If you’re interested in Vintage, be sure to read this article by Patrick Chapin, author of Next Level Deckbuilding, about the possibilities of Hermit Druid in the format.

Not a basic . . .

Not a basic . . .

Not a basic . . .

Man, I’m starting to wonder if I’m ever going to hit a basic!

. . .

I like Hermit Druid a lot.

I’m not saying I’m impartial—because I’m not.

Hermit Druid and Skullclamp are two of my favorite cards to build around in Vintage, as they are two of the most powerful cards in Magic that no one plays with. Obviously this is mostly because they are banned in every format but Vintage; however, they are both legal as four-ofs in that arena, making for opportunities to do some pretty sweet things.

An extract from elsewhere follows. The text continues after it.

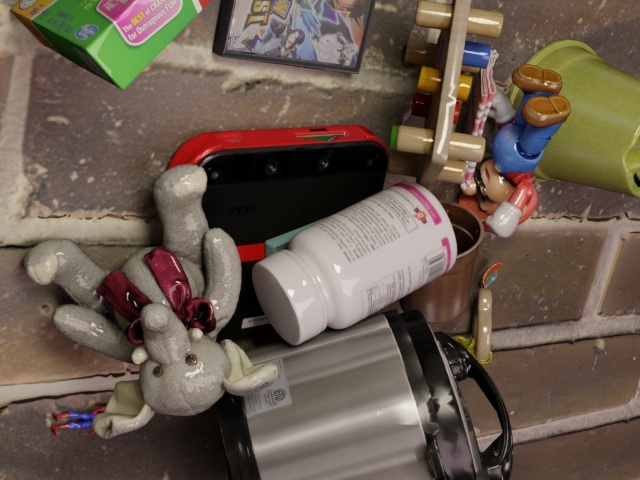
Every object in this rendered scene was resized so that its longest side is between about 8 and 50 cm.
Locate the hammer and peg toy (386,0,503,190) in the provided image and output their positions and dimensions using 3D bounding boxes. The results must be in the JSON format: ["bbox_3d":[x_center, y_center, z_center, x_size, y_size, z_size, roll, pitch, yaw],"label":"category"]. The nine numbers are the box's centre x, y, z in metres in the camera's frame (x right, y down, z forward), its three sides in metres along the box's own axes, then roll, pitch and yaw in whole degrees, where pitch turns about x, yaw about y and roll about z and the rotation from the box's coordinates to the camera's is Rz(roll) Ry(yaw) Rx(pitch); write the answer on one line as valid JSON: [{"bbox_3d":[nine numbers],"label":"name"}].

It’s not that I think either should be restricted. Far from it. While there isn’t a pressing need for any restrictions in Vintage, if anything were to prove to require one my guess would be that it is Oath of Druids or possibly Mox Opal. If I were to attack Vintage from the high-stakes, maximizing EV, win-at-all costs perspective, those would be the first two strategies I would explore.

However, that’s not the usual perspective I take on Vintage.

Vintage is a dance of sophistication. Whenever two gentlemen or ladies engage in the time-honored tradition, it really is a performance art. Look, I love riding a Bob or Jace to victory as much as the next guy. Assembling Key + Vault? Tinkering for Blightsteel Colossus? Forbidden Orchards or Bazaars or Shops? Boring. Impressive, no doubt, but we’ve all seen those dances a thousand times.

Vintage is this magical world where you can play with any of the real cards except sadly Shahrazad (dexterity cards and ante cards are less real than many Unglued cards). Incidentally, this is perhaps the greatest tragedy of Vintage. You are concerned about tournaments taking too long? Please, this is Vintage. The power level of Shahrazad is so low compared to the cards people actually play that the abuse will be quite minimal, and honestly if someone tries to break things, hit them with slow-play penalties.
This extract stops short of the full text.